___ DATA UNDER STUDY ___

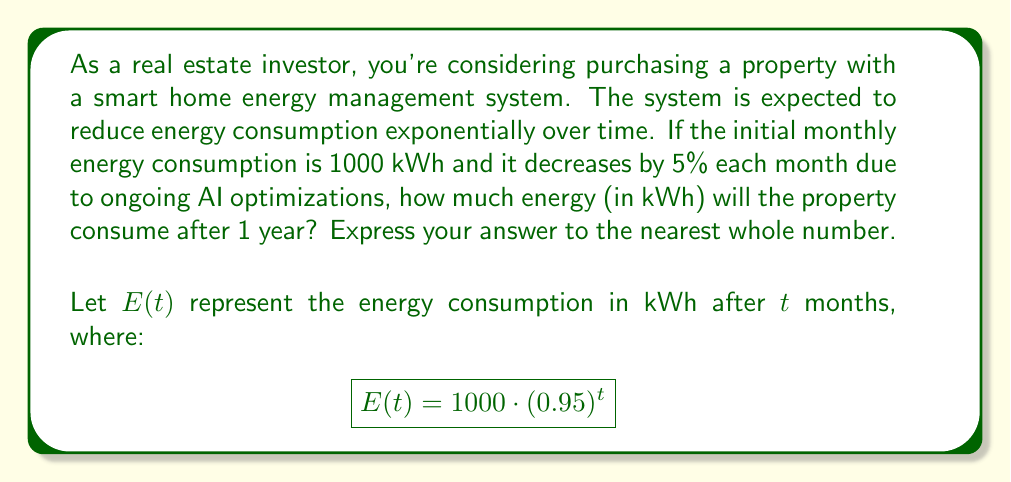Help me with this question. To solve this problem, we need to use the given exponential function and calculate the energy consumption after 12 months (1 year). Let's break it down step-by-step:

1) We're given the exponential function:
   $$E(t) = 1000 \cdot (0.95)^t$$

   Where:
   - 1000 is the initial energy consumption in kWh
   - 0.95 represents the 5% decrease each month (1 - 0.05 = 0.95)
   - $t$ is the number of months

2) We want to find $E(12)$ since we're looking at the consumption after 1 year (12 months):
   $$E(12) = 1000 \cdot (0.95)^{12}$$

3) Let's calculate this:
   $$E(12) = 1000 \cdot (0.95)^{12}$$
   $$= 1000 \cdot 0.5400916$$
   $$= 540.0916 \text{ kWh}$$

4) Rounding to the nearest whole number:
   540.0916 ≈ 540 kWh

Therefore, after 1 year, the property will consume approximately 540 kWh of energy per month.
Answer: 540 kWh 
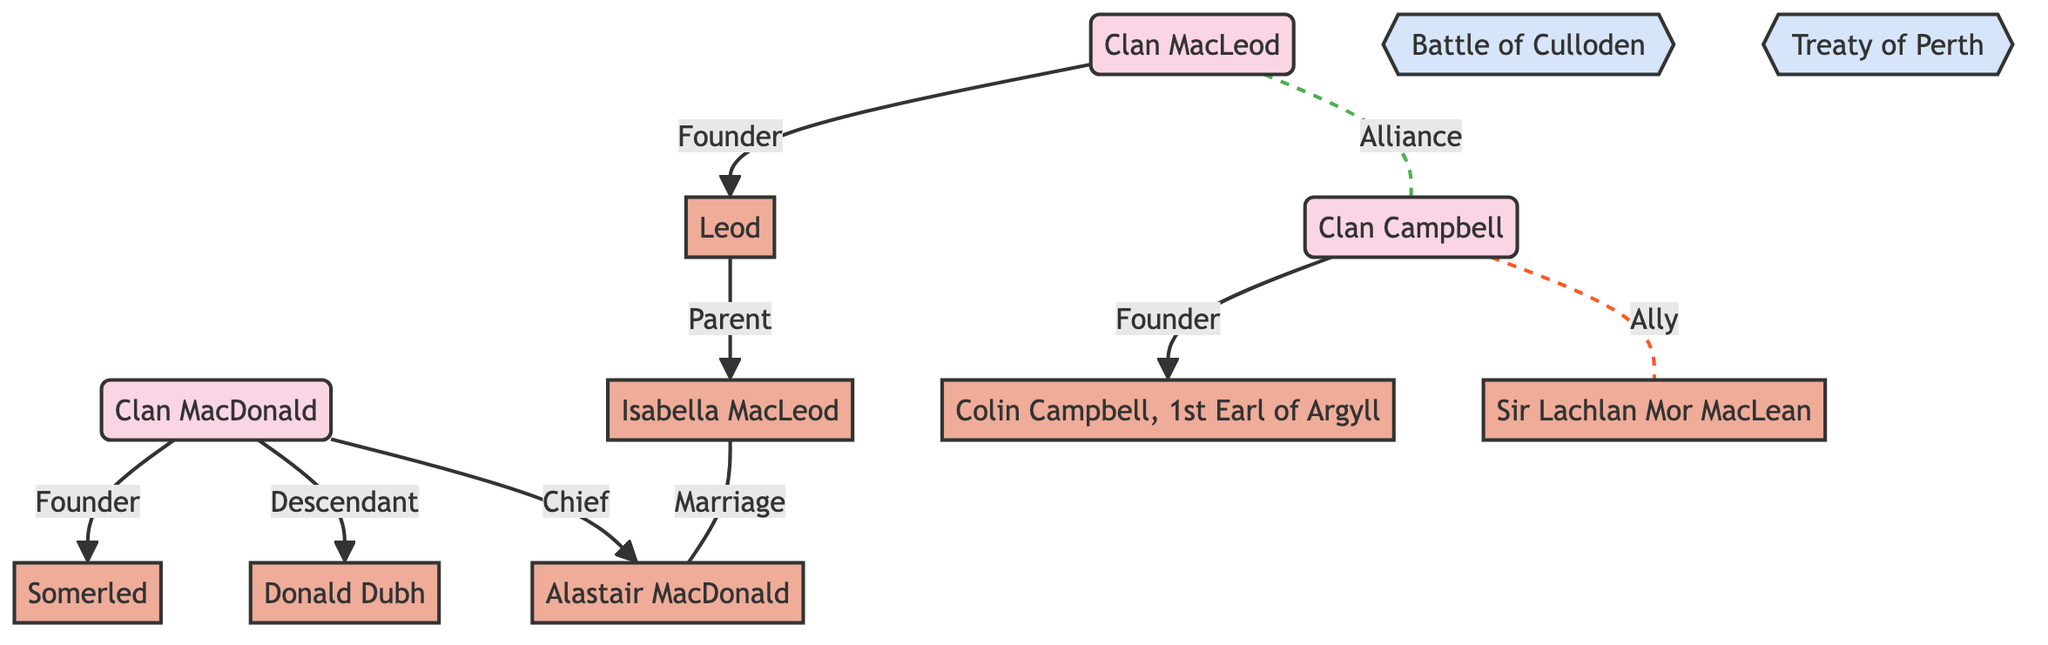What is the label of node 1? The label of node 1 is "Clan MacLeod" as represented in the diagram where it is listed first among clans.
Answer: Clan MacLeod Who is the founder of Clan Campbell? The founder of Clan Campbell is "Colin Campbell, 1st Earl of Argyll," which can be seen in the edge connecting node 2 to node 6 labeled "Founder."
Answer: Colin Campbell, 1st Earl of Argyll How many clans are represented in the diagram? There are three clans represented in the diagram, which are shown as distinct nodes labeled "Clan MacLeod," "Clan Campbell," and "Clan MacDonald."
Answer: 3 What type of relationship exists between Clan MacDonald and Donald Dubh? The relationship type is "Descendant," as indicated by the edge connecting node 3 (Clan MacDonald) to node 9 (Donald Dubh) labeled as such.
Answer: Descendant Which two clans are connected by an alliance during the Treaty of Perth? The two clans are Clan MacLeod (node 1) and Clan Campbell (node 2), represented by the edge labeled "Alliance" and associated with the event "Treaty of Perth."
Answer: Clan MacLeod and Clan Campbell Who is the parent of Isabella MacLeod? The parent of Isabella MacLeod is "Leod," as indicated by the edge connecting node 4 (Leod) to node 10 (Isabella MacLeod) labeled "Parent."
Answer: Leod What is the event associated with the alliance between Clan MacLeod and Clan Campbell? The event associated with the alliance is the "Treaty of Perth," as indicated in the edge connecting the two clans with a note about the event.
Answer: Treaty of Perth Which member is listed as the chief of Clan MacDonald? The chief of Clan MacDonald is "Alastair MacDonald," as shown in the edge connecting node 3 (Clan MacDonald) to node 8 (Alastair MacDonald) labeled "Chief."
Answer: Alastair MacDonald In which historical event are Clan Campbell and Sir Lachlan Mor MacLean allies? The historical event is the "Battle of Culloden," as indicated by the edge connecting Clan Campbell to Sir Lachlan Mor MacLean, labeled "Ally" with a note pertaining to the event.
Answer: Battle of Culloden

___

WHAT THE TASK REQUIRES →
List each line of the records that holds the string "cdot".

COMPLETED EXERCISE →
   $$E(t) = 1000 \cdot (0.95)^t$$
   $$E(12) = 1000 \cdot (0.95)^{12}$$
   $$E(12) = 1000 \cdot (0.95)^{12}$$
   $$= 1000 \cdot 0.5400916$$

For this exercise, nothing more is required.